Now that I do have the time in my day, I meditate. Even if it is for 5 minutes or at the end of my at home yoga practice, I take some time with my thoughts. I try to keep it away from my anxieties and more about growth and improvement within myself. Also working through other traumas that are holding me back in life.

What are you doing to cope with your anxieties?

Social Anxiety

I was dreading a phone call with my boss earlier today. I was thinking of all the different ways I could postpone it or get out of it. I was pacing thinking about interacting with him over the phone and overthinking the way the conversation might go.

Even in a quarantined world, my social anxiety is still alive and well.

When I was kid, my family always said I was just shy. But little did they know me being around people gave me a migraine and made my jaw clench so tight that it would lock in place.

Fast forward back to today, when I was pacing around in my room. I told myself this is something I just have to do and that it won’t be so bad. And I quickly picked up the phone and called him. There were awkward moments for sure but I got through it. And sometimes that is what it takes to fight through my anxiety (and my medications).

It is an everyday fight but I just keep reminding myself that its all gonna be okay.

Why Yoga is Essential for My Self Care

Here are some reasons for why I have been incorporating aspects of Yoga into my daily life:

  1. It reduces my anxiety: Concentrating on connecting my breath with movement dramatically reduces my anxiety every time. Even doing a light 20 minute practice improves my mind set.
  2. It helps me focus: Taking in deeper breaths and therefore increasing the oxygen and blood flow to my brain does increase my focus. If I am feeling restless while working from home, I do about 5 minutes of flow (downward facing dog, plank, upwards facing dog, on all fours, child’s pose) to help increase my focus.
  3. It helps me sleep: As it helps reduce my overall stress level, doing some balancing poses and supine poses are good for getting me ready for bed.
  4. It improves my strength and flexibility: This was one of the main reasons why I started to practice in the first place. I wanted to increase my body’s overall strength.
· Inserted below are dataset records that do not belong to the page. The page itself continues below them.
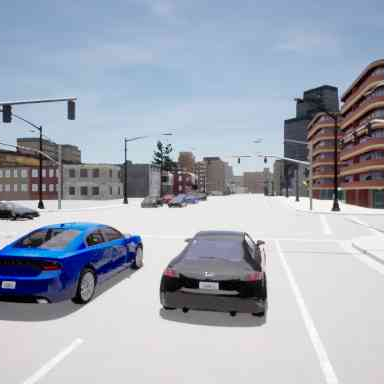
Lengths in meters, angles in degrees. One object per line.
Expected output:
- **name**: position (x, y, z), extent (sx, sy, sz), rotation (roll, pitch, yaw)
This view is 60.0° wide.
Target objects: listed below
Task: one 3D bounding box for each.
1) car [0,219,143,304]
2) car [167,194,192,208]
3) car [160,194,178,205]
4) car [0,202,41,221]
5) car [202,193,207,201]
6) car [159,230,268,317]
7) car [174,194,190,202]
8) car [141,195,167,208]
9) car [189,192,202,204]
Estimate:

Because a strong body harbors a strong mind.
  5. Improves back pain: As I increase my strength and flexibility, I noticed my lower back pain from sitting all day at work and school was significantly improved.
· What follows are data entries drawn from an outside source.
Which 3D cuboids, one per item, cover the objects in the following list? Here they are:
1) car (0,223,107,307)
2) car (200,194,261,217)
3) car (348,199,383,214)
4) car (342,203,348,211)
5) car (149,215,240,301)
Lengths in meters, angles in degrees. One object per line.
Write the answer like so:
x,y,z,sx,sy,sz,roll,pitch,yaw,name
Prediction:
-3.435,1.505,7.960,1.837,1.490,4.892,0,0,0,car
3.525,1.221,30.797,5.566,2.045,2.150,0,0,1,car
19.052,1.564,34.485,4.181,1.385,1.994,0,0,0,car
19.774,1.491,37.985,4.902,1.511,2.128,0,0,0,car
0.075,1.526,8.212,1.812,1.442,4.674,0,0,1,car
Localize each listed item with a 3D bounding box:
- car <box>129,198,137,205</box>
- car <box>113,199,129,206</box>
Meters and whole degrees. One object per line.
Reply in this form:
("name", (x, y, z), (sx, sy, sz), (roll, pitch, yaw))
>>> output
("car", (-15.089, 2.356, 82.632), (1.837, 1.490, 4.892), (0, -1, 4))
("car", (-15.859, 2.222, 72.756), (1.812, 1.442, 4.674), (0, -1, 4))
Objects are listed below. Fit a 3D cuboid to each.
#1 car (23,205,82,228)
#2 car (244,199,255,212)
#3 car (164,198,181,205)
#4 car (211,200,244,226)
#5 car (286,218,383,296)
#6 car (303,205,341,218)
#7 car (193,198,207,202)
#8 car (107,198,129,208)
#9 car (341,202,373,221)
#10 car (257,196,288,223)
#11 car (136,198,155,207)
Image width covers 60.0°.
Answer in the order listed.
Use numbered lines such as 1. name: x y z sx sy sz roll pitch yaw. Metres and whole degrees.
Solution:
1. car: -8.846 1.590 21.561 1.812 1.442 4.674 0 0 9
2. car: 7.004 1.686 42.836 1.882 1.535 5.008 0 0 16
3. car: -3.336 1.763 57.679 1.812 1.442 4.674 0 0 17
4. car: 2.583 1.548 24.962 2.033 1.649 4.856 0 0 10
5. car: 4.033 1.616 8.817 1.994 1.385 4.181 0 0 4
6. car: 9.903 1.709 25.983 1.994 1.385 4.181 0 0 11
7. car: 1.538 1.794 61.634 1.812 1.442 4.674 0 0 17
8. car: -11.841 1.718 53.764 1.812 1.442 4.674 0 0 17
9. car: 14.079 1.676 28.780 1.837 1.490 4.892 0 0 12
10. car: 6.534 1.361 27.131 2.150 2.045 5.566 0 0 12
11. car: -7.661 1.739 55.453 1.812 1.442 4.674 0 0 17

What has been essential for your self care practice?

Never been more grateful to be able to take care of myself

Though these quarantine times are anything but easy and filled with uncertainty, I am appreciating the amount of time I can spend truly taking care of myself mentally and physically. I don’t feel the need to drink the problems of my day away, and I can interact with only the people I want to (besides my boss that I have to call every once in a while).

I didn’t always feel this way though, with the beginning of my quarantine days feeling lost, full of drinking, and overeating. And though I can’t say I completely kicked the overeating habit, with the help of therapy over the phone I am starting to cope in a healthy way. And I am starting to feel better mentally than I did before the quarantine started.
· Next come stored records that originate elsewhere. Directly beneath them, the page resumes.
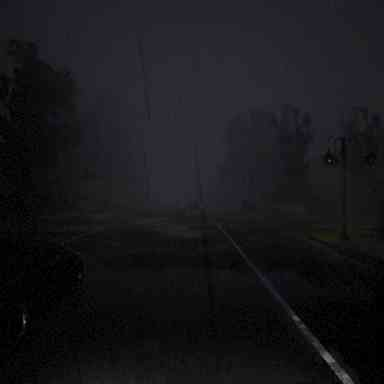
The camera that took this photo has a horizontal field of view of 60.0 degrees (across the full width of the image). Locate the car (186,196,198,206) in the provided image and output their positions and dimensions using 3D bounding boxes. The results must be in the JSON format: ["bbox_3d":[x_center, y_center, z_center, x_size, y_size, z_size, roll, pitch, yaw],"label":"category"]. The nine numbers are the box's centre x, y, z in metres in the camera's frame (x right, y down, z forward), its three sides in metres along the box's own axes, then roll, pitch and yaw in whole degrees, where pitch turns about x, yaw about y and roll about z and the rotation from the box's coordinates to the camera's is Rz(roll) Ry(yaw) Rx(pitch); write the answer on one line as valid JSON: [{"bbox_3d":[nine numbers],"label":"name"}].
[{"bbox_3d":[0.010,1.466,55.449,1.812,1.442,4.674,0,0,0],"label":"car"}]

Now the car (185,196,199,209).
[{"bbox_3d":[0.009,1.540,45.448,1.994,1.385,4.181,0,0,0],"label":"car"}]

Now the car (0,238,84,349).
[{"bbox_3d":[-3.526,1.583,6.134,1.994,1.385,4.181,0,0,1],"label":"car"}]

My routine is a lot less intense than it normally is, and I feel like I have truly gotten the time to reflect over my daily life and how hectic I made it for no reason. I am starting to realize what is important to me other than productivity and what I actually enjoy doing. I have also been giving my brain a much needed break before I start school in the Fall.

Before quarantine, my work was beginning to be a toxic place for me and it was depleting so much of my energy. I had no idea how much time I needed to recover from it and I am starting to realize how much certain environments do not work for me.

I am also starting to realize how slow I need to move in the morning and evenings. I don’t need to go to 6:45am hot yoga for an hour and a half to get my day going. I’ve learned even 20 minutes of at home yoga gives me the same benefits with less headaches.

There has been so much I’ve learned about myself during these times, and I encourage you to do the same. I mean what else do we have to do?